(Task prompt):
The following data is to be repeated exactly, its pictures excluded.

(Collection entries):
************
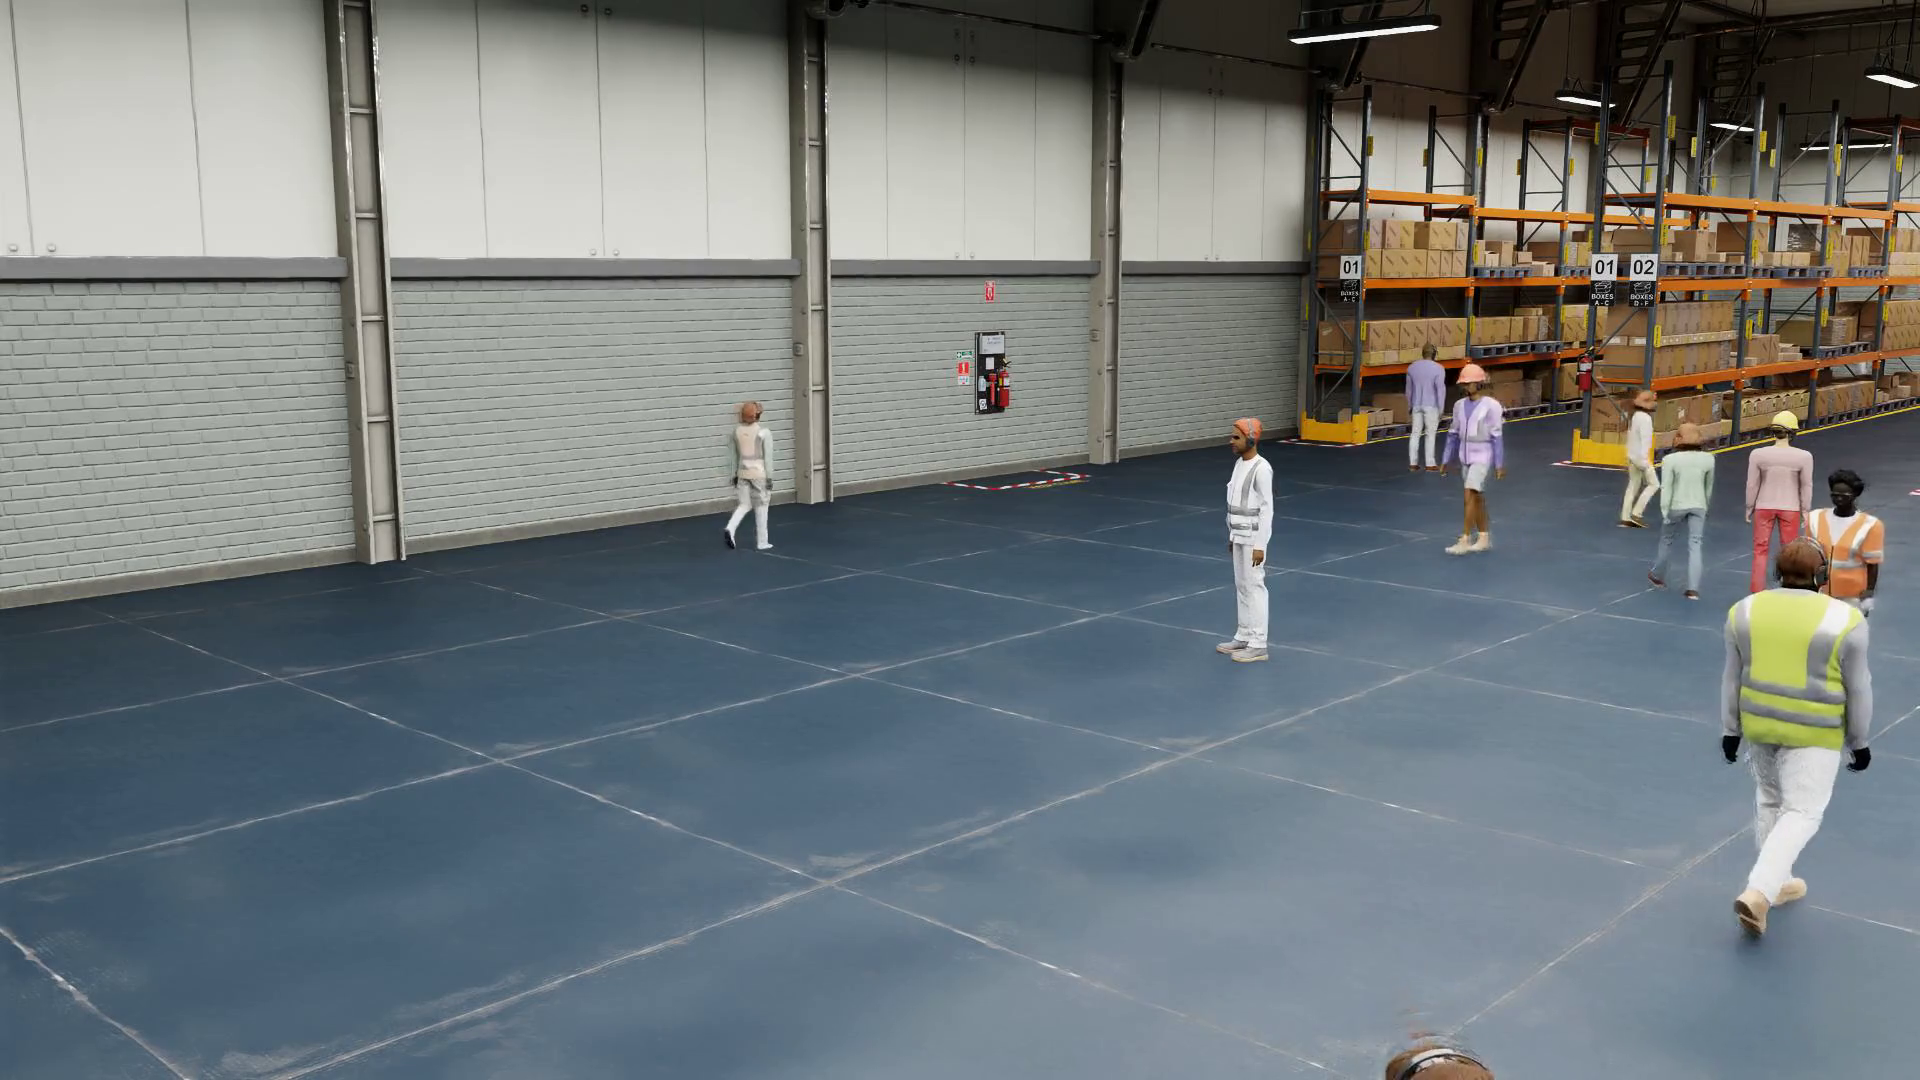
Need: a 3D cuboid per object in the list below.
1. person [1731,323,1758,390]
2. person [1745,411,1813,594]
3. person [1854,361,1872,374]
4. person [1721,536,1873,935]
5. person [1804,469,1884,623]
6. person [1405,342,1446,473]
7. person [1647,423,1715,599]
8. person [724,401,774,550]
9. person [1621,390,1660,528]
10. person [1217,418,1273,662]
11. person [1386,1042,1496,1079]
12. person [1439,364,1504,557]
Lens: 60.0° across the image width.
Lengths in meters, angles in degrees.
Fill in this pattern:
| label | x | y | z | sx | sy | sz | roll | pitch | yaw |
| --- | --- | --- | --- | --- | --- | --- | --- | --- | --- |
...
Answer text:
| label | x | y | z | sx | sy | sz | roll | pitch | yaw |
| --- | --- | --- | --- | --- | --- | --- | --- | --- | --- |
| person | 15.766 | -3.425 | 33.453 | 0.374 | 1.966 | 0.608 | -6 | 11 | -31 |
| person | 7.265 | -0.260 | 14.780 | 0.533 | 1.765 | 0.321 | 5 | 11 | 28 |
| person | 21.805 | -4.307 | 39.937 | 0.515 | 1.590 | 0.829 | 0 | 9 | -2 |
| person | 3.789 | 0.890 | 7.644 | 0.848 | 1.813 | 0.627 | -7 | 11 | -35 |
| person | 5.902 | 0.360 | 11.231 | 0.618 | 1.672 | 0.550 | -9 | 13 | -43 |
| person | 6.902 | -1.967 | 24.655 | 0.352 | 1.937 | 0.635 | -9 | 13 | -42 |
| person | 6.726 | -0.287 | 15.477 | 0.508 | 1.593 | 0.839 | 1 | 9 | 5 |
| person | -2.242 | -0.667 | 17.704 | 0.520 | 1.621 | 0.608 | 5 | 10 | 27 |
| person | 7.931 | -0.934 | 19.317 | 0.440 | 1.615 | 0.527 | 1 | 9 | 7 |
| person | 2.227 | -0.004 | 12.854 | 0.337 | 1.882 | 0.583 | -2 | 9 | -11 |
| person | 0.795 | 1.694 | 2.798 | 0.639 | 1.797 | 0.945 | -1 | 9 | -6 |
| person | 5.324 | -0.832 | 17.501 | 0.870 | 2.010 | 0.638 | -5 | 10 | -26 |
************
(Solution for this task):
Need: a 3D cuboid per object in the list below.
1. person [1731,323,1758,390]
2. person [1745,411,1813,594]
3. person [1854,361,1872,374]
4. person [1721,536,1873,935]
5. person [1804,469,1884,623]
6. person [1405,342,1446,473]
7. person [1647,423,1715,599]
8. person [724,401,774,550]
9. person [1621,390,1660,528]
10. person [1217,418,1273,662]
11. person [1386,1042,1496,1079]
12. person [1439,364,1504,557]
Lens: 60.0° across the image width.
Lengths in meters, angles in degrees.
Fill in this pattern:
| label | x | y | z | sx | sy | sz | roll | pitch | yaw |
| --- | --- | --- | --- | --- | --- | --- | --- | --- | --- |
...
Answer text:
| label | x | y | z | sx | sy | sz | roll | pitch | yaw |
| --- | --- | --- | --- | --- | --- | --- | --- | --- | --- |
| person | 15.766 | -3.425 | 33.453 | 0.374 | 1.966 | 0.608 | -6 | 11 | -31 |
| person | 7.265 | -0.260 | 14.780 | 0.533 | 1.765 | 0.321 | 5 | 11 | 28 |
| person | 21.805 | -4.307 | 39.937 | 0.515 | 1.590 | 0.829 | 0 | 9 | -2 |
| person | 3.789 | 0.890 | 7.644 | 0.848 | 1.813 | 0.627 | -7 | 11 | -35 |
| person | 5.902 | 0.360 | 11.231 | 0.618 | 1.672 | 0.550 | -9 | 13 | -43 |
| person | 6.902 | -1.967 | 24.655 | 0.352 | 1.937 | 0.635 | -9 | 13 | -42 |
| person | 6.726 | -0.287 | 15.477 | 0.508 | 1.593 | 0.839 | 1 | 9 | 5 |
| person | -2.242 | -0.667 | 17.704 | 0.520 | 1.621 | 0.608 | 5 | 10 | 27 |
| person | 7.931 | -0.934 | 19.317 | 0.440 | 1.615 | 0.527 | 1 | 9 | 7 |
| person | 2.227 | -0.004 | 12.854 | 0.337 | 1.882 | 0.583 | -2 | 9 | -11 |
| person | 0.795 | 1.694 | 2.798 | 0.639 | 1.797 | 0.945 | -1 | 9 | -6 |
| person | 5.324 | -0.832 | 17.501 | 0.870 | 2.010 | 0.638 | -5 | 10 | -26 |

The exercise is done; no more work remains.